Ebu Bekir Is

Personal information
- Date of birth: 1 October 2008 (age 17)
- Place of birth: Germany
- Height: 1.79 m (5 ft 10 in)
- Position: Midfielder

Team information
- Current team: Eintracht Frankfurt II
- Number: 6

Youth career
- 2013–2017: SV Concordia Gernsheim
- 2017–2018: SC Viktoria 06 Griesheim
- 2018–2024: Eintracht Frankfurt

Senior career*
- Years: Team / Apps / (Gls)
- 2024–: Eintracht Frankfurt II / 31 / (0)
- 2025–: Eintracht Frankfurt / 0 / (0)

International career^{‡}
- 2023–2024: Germany U16 / 5 / (0)
- 2024–: Germany U17 / 5 / (0)

= Ebu Bekir Is =

German footballer (born 2008)

Ebu Bekir Is (İş; born 1 October 2008) is a German professional footballer who plays for Eintracht Frankfurt II as a midfielder.

==Career==
Bekir is a product of the youth academies of SV Concordia Gernsheim, SC Viktoria 06 Griesheim and Eintracht Frankfurt. He was promoted to Eintracht Frankfurt's reserves in 2024, and was their youngest ever debutant at the age of 16 years, one month and 29 days.
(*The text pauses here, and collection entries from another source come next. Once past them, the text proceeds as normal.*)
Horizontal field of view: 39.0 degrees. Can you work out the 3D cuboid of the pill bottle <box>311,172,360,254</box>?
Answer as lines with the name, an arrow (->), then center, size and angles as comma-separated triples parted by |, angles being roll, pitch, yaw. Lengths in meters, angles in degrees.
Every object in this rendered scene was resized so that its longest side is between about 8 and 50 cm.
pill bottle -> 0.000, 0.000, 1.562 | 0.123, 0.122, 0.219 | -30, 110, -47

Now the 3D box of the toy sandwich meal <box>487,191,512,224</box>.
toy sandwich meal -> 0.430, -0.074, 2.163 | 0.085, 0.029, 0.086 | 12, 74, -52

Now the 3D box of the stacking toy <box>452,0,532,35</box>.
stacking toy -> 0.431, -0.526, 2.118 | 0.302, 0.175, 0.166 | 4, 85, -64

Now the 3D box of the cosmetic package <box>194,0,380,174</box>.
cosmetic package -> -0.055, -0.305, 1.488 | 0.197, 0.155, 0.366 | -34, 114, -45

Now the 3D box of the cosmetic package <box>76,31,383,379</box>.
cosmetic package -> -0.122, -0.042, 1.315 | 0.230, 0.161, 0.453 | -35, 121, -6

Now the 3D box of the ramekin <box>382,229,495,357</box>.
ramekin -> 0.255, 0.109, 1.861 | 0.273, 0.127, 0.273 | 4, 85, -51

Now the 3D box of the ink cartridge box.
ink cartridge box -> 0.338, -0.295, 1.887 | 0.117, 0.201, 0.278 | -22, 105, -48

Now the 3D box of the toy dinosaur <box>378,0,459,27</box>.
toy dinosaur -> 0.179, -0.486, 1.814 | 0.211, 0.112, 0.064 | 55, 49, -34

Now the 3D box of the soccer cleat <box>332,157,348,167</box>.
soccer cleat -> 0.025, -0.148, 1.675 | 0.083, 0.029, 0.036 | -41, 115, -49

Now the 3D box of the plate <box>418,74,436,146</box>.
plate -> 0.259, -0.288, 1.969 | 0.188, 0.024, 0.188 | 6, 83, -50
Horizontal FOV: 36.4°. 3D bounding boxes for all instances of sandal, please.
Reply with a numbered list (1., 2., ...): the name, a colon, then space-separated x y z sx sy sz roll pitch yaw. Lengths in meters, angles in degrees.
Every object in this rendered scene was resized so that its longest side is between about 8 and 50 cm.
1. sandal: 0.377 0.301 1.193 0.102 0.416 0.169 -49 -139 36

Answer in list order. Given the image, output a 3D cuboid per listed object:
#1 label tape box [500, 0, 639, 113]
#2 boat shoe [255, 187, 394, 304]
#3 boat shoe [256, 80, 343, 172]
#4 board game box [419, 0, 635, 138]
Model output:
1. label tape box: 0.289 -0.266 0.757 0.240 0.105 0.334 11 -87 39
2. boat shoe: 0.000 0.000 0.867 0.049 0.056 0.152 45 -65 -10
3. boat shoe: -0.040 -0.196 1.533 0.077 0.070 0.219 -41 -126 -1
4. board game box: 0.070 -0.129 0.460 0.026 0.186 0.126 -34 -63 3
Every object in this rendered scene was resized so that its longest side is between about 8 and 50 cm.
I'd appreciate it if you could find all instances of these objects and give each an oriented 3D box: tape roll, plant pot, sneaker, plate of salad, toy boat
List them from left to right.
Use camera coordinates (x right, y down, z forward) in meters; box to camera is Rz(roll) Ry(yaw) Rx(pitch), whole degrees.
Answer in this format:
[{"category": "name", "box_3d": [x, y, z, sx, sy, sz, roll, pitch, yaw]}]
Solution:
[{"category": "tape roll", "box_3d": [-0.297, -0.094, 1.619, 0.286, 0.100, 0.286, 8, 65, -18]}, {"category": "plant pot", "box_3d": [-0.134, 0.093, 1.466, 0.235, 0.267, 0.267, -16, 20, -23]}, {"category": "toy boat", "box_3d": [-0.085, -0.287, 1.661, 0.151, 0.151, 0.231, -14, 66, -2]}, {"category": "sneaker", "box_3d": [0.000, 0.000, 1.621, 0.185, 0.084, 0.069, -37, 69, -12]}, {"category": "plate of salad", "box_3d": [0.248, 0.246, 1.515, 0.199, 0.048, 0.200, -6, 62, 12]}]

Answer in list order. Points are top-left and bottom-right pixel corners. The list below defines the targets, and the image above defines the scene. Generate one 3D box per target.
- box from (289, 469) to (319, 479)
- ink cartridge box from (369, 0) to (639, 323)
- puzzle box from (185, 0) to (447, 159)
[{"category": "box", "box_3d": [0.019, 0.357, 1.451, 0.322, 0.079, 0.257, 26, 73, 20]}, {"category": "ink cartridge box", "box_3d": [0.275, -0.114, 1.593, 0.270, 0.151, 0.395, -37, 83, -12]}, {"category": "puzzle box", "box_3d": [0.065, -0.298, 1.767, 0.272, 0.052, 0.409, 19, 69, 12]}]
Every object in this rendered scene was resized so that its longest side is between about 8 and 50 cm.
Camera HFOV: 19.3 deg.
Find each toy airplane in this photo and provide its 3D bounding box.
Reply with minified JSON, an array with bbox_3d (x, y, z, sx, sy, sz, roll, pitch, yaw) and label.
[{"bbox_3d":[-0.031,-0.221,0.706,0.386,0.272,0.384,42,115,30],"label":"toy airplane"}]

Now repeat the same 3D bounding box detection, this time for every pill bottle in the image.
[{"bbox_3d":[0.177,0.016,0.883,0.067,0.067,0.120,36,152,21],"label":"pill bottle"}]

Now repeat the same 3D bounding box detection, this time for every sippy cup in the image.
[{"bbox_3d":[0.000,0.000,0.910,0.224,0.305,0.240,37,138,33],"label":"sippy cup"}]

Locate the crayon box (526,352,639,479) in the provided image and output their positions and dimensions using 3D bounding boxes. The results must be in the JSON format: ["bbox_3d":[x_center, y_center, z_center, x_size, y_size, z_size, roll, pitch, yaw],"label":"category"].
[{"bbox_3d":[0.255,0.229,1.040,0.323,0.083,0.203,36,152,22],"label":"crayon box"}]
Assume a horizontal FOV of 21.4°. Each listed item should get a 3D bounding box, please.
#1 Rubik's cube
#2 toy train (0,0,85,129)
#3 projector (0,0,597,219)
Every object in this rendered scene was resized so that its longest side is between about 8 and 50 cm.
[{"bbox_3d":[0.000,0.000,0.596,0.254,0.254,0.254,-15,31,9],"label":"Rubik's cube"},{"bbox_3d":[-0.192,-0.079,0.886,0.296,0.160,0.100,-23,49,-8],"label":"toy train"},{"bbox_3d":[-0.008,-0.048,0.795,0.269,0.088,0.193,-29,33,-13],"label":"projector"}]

On 28 November 2024, he signed his first prorifessional contract with Eintracht Frankfurt until 2027, with an option to extend until 2028. He made the senior matchday squad for the first time for a UEFA Europa League match against Lyon on 12 December 2024. He made his senior and professional debut with Eintracht Frankfurt as a substitute in a Europa League loss to Roma on 30 January 2025.

==International career==
Born in Germany, Bekir is of Turkish descent. He is a youth international for Germany, having played 10 times between the Germany U16s and Germany U17s. He participated in the 2025 FIFA U-17 World Cup with the U17s.